Stars Over Time

A star that changes with the passage of time is a self-illuminating gas ball that is bound by a single object by gravity and is moved by nuclear fusion, which is the core. There are trillions of stars in our universe, but they are all unique and unique. There are many stages of stellar life, including main sequence stars, red giants, white dwarf stars, neutron stars, and black holes. Every star has more change at every stage of life. The star's life begins with a gathering of nebula, huge gas and dust. When sufficient mass is accumulated in a single object, the mass forces it to fall to the center by gravity.

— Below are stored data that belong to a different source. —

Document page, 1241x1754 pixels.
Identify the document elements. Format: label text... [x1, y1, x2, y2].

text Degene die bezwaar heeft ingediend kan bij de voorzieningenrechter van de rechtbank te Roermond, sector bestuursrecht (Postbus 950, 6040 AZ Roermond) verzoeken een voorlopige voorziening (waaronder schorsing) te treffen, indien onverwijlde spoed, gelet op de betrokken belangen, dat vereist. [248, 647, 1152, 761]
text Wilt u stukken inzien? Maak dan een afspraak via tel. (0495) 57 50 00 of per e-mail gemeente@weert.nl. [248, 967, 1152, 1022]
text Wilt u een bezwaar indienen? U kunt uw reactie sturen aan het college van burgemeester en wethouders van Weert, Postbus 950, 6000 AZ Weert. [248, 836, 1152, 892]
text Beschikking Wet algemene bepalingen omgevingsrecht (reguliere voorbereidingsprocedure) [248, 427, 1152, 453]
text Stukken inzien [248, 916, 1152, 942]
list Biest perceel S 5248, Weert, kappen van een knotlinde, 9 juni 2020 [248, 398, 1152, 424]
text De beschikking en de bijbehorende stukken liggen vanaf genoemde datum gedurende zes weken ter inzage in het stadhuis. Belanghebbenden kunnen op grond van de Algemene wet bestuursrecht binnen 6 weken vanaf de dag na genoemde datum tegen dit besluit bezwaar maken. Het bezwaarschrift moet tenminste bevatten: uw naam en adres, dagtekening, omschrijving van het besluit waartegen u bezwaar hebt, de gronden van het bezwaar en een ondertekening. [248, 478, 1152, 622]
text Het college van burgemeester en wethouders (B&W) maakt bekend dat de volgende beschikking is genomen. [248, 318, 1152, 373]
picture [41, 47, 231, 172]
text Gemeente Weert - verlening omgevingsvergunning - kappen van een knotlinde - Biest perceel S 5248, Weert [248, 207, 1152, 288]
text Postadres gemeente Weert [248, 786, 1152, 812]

In this article, our goal is to create a model to predict the existence of an extrasolar planet (that is, a planet orbiting a remote star system) by giving a reading of the light intensity of a certain star over time . The dataset we use comes from NASA's current Kepler telescope in outer space. We will step through from low performance model to high performance model. The Kepler telescope was launched by NASA in 2009. Its mission is to discover that the earth is like a planet orbiting other stars outside the solar system. Kaggle published a data set containing clear observations / readings from Kepler to find outer planets orbiting other stars (planets outside the solar system).

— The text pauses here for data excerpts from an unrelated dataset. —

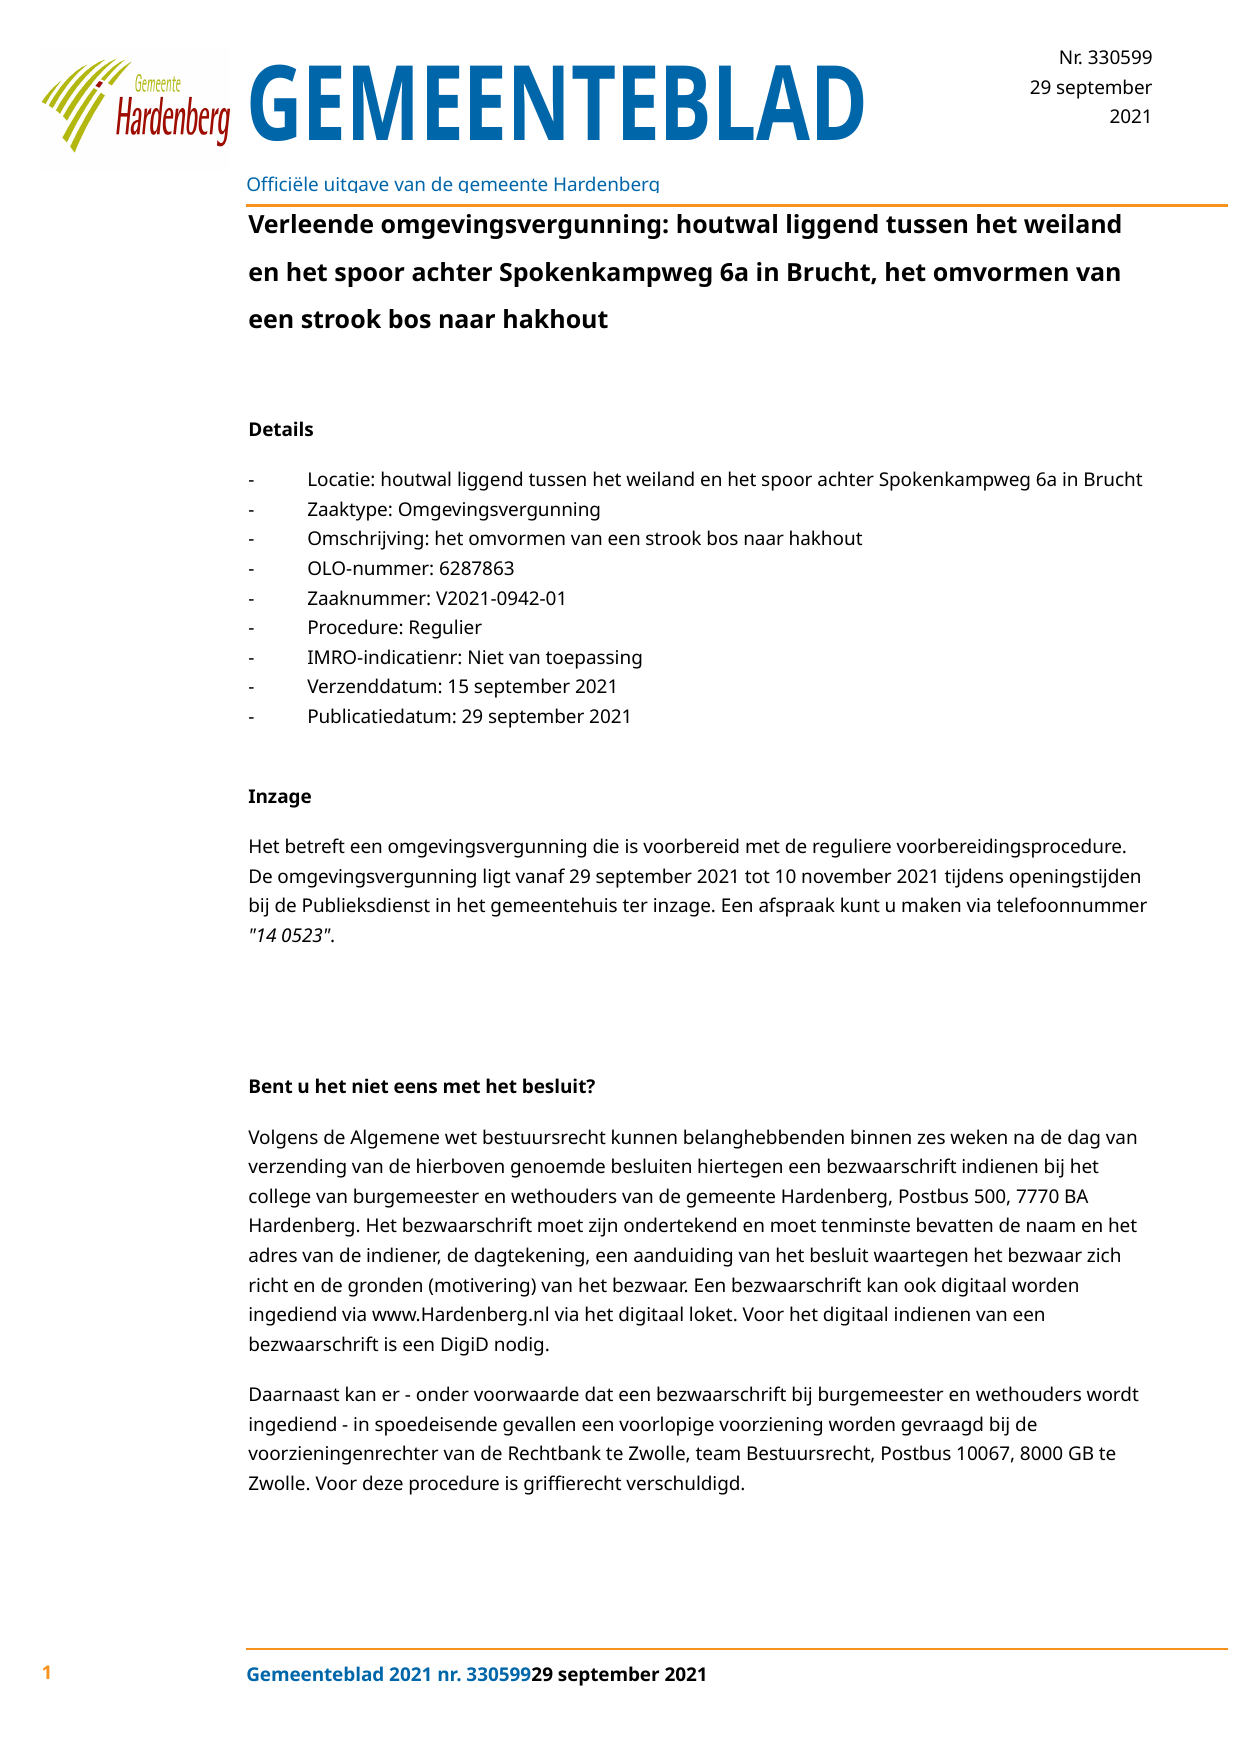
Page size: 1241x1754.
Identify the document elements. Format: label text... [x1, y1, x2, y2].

text Bent u het niet eens met het besluit? [248, 1073, 1152, 1099]
list IMRO-indicatienr: Niet van toepassing [248, 644, 1152, 669]
list Verzenddatum: 15 september 2021 [248, 673, 1152, 699]
list Locatie: houtwal liggend tussen het weiland en het spoor achter Spokenkampweg 6a in Brucht [248, 466, 1152, 492]
text Verleende omgevingsvergunning: houtwal liggend tussen het weiland en het spoor achter Spokenkampweg 6a in Brucht, het omvormen van een strook bos naar hakhout [248, 207, 1152, 336]
list Publicatiedatum: 29 september 2021 [248, 703, 1152, 729]
list Zaaknummer: V2021-0942-01 [248, 585, 1152, 610]
text Volgens de Algemene wet bestuursrecht kunnen belanghebbenden binnen zes weken na de dag van verzending van de hierboven genoemde besluiten hiertegen een bezwaarschrift indienen bij het college van burgemeester en wethouders van de gemeente Hardenberg, Postbus 500, 7770 BA Hardenberg. Het bezwaarschrift moet zijn ondertekend en moet tenminste bevatten de naam en het adres van de indiener, de dagtekening, een aanduiding van het besluit waartegen het bezwaar zich richt en de gronden (motivering) van het bezwaar. Een bezwaarschrift kan ook digitaal worden ingediend via www.Hardenberg.nl via het digitaal loket. Voor het digitaal indienen van een bezwaarschrift is een DigiD nodig. [248, 1124, 1152, 1357]
text Details [248, 416, 1152, 442]
text Inzage [248, 783, 1152, 809]
list OLO-nummer: 6287863 [248, 555, 1152, 581]
text Daarnaast kan er - onder voorwaarde dat een bezwaarschrift bij burgemeester en wethouders wordt ingediend - in spoedeisende gevallen een voorlopige voorziening worden gevraagd bij de voorzieningenrechter van de Rechtbank te Zwolle, team Bestuursrecht, Postbus 10067, 8000 GB te Zwolle. Voor deze procedure is griffierecht verschuldigd. [248, 1381, 1152, 1496]
list Zaaktype: Omgevingsvergunning [248, 496, 1152, 522]
text Het betreft een omgevingsvergunning die is voorbereid met de reguliere voorbereidingsprocedure. De omgevingsvergunning ligt vanaf 29 september 2021 tot 10 november 2021 tijdens openingstijden bij de Publieksdienst in het gemeentehuis ter inzage. Een afspraak kunt u maken via telefoonnummer "14 0523". [248, 833, 1152, 948]
picture [41, 47, 231, 172]
list Omschrijving: het omvormen van een strook bos naar hakhout [248, 526, 1152, 551]
list Procedure: Regulier [248, 614, 1152, 640]

This is how it works. Kepler observed thousands of stars and recorded the intensity (light flux) of the light emitted from that star. When the planet circles the stars, it slightly modifies / decreases the intensity of the light. As time goes by, you can see that the star's line darkens regularly (like t = 2 in the figure below), which suggests there is a planet orbiting around the planet (candidate system ). Further light studies can confirm the existence of extrasolar planets on the candidate system. Firstly, there are too few examples of extrasolar planets identified in our data. There are several techniques that help overcome highly unbalanced data sets and synthesize or create new examples. What I use here is an algorithm called SMOTE (synthesis of several oversampling methods). Instead of creating a sample copy, the algorithm creates a new example by slightly modifying the existing example. In this way you can balance the positive and negative examples in the training data set.

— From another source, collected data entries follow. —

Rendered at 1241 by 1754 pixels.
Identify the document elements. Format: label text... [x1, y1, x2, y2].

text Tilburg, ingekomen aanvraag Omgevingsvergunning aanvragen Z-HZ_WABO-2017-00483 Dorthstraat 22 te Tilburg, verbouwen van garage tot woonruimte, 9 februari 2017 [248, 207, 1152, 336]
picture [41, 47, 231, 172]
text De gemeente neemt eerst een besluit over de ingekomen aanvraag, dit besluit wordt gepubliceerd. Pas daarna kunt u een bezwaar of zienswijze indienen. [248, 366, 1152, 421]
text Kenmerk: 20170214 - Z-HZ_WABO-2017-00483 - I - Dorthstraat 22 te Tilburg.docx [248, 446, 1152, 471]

Gaia includes three devices to observe stars. These instruments determine the position, color, and movement of stars over time. Gaia uses parallax measurements to calculate the distance of the star that the astronomer considers to be the most important data point. Gaia does this by examining the apparent movement of the star at two different points on its orbit and separating it from the actual movement of the galaxy. The spacecraft watches the goal stars for about 70 times in 5 years. This is the planned duty period. As we are about to finish the duty, Gaia sent back a lot of data.